Mantenere l’iscrizione a un partito anche in posizione minoritaria ha un senso fin quando vi è la possibilità concreta di influire sulle scelte di quel partito e la speranza di riuscire in un futuro prossimo a diventare maggioranza; può avere un senso anche quando vi sia soltanto la prima, o soltanto la seconda. Nel mio caso, nonostante il mio grande attaccamento affettivo al Pd, nel dicembre scorso erano venute meno sia la prima sia la seconda.
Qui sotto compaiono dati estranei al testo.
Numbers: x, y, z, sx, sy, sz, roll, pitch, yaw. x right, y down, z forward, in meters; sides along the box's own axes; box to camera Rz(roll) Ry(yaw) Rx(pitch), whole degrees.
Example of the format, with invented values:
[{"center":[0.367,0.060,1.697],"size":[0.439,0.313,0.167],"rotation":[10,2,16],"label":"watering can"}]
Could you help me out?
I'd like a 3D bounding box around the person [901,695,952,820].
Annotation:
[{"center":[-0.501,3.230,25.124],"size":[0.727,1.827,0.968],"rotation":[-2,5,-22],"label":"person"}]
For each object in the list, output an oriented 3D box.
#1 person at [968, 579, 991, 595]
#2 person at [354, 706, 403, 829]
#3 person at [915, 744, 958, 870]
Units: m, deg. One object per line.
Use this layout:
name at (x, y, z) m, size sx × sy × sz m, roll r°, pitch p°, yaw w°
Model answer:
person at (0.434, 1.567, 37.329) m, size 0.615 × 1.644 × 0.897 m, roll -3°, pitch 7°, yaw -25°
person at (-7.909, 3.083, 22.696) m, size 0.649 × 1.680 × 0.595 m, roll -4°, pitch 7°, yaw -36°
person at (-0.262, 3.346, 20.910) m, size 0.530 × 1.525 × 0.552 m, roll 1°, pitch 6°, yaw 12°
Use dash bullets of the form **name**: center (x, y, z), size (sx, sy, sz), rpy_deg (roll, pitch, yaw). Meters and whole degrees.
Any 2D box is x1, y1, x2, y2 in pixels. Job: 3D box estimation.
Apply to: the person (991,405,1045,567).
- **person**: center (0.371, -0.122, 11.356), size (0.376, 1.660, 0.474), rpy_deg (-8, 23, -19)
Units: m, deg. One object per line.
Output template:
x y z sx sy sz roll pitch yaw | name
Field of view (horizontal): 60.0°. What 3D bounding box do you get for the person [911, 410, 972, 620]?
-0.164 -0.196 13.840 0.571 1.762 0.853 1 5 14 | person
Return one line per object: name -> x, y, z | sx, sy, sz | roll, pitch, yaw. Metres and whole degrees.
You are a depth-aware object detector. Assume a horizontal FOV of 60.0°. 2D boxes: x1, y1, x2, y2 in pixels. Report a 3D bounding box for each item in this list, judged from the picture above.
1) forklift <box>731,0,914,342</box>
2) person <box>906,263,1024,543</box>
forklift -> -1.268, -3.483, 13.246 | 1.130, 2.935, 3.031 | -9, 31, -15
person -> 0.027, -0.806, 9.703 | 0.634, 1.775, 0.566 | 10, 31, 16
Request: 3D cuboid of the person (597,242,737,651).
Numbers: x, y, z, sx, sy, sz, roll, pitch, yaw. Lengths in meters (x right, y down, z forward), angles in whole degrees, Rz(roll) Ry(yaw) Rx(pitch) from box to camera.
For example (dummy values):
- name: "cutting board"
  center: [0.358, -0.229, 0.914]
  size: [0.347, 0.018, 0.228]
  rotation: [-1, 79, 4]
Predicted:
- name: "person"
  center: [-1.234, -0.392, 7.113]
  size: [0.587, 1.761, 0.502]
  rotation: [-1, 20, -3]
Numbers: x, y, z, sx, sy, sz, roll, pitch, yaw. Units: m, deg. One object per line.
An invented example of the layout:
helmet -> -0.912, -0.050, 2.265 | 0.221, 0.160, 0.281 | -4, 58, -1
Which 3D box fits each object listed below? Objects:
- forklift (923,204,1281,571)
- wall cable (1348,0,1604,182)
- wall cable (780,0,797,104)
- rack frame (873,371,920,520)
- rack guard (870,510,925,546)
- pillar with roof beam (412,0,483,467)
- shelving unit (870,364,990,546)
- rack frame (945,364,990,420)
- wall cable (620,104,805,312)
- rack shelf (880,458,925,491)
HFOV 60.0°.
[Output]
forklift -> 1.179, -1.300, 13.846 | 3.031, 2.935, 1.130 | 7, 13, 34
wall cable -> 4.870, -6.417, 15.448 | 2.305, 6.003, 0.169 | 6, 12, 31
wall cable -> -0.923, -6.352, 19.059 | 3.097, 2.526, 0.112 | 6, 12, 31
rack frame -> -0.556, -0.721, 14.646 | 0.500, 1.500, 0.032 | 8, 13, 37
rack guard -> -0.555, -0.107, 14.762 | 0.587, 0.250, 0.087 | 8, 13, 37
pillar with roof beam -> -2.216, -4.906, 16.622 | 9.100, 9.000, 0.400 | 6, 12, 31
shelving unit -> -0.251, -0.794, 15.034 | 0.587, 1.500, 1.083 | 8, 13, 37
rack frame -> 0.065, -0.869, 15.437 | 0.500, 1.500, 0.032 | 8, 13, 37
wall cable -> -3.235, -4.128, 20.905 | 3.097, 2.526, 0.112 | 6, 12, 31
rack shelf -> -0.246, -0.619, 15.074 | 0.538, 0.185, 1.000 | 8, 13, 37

Erano venute meno quando avevo visto il modo in cui l’apparato centrale del partito selezionava i candidati per le elezioni politiche di febbraio, facendo terra bruciata intorno a Matteo Renzi e ai suoi sostenitori. La candidatura nelle liste bloccate di quel Pd, secondo la nostra pessima legge elettorale attuale, avrebbe comportato la prospettiva di una legislatura vissuta nell’angolo, sterile dal punto di vista della mia battaglia, in condizioni di isolamento. E tutto questo in funzione di una “riscossa” che avrebbe potuto forse venire nella legislatura successiva; ma io avevo allora 63 anni: un’età nella quale si avvicina (o dovrebbe, di regola, avvicinarsi) il momento del ritiro dall’agone politico. L’orizzonte di altre due legislature non era il mio.
Va anche detto che, dopo cinque anni di battaglie dure in seno al Pd sulla riforma del lavoro, ero diventato una figura divisiva, il simbolo di uno scontro, di qualche cosa che una parte del partito non accettava più neppure di discutere perché intorno ad essa era stato costruito con successo un vero e proprio “cordone sanitario”. Negli ultimi due anni, in qualsiasi città d’Italia io venissi invitato da una struttura del Pd l’iniziativa veniva poi disdetta, oppure accompagnata subito prima o subito dopo da un’iniziativa “ortodossa” volta a impedire il contagio delle mie idee e proposte. Quando nel novembre 2011 Mario Monti aveva ipotizzato che io potessi assumere il ruolo di ministro del Lavoro nel suo nuovo governo, un dirigente nazionale del Pd aveva dichiarato pubblicamente che questa scelta avrebbe determinato automaticamente la morte di quel nuovo esecutivo prima ancora del suo nascere; e non ho sentito in proposito una sola parola di smentita o rettifica da parte di uno dei membri della Segreteria. Questo era il contesto nel quale, nel dicembre scorso, quando Niki Vendola e Stefano Fassina incominciarono a dire che la vittoria di Bersani alle primarie era la pietra tombale sull’Agenda Monti, rinunciai alla ricandidatura nelle liste del Pd. E quando lo stesso Mario Monti mi espresse in modo molto insistente l’invito a unirmi a lui nella sua iniziativa politica volta a rilanciare quell’Agenda come terreno di incontro tra le forze politiche più responsabili, accettai senza molti rimpianti: anche perché alla redazione di quell’Agenda stavo collaborando già da mesi; e tornare in Parlamento con lui apriva la prospettiva di poter trasformare quel programma in un insieme organico di disegni di legge. Come infatti sta avvenendo.
Sul secondo punto condivido pienamente le osservazioni di E.C. (p.i.)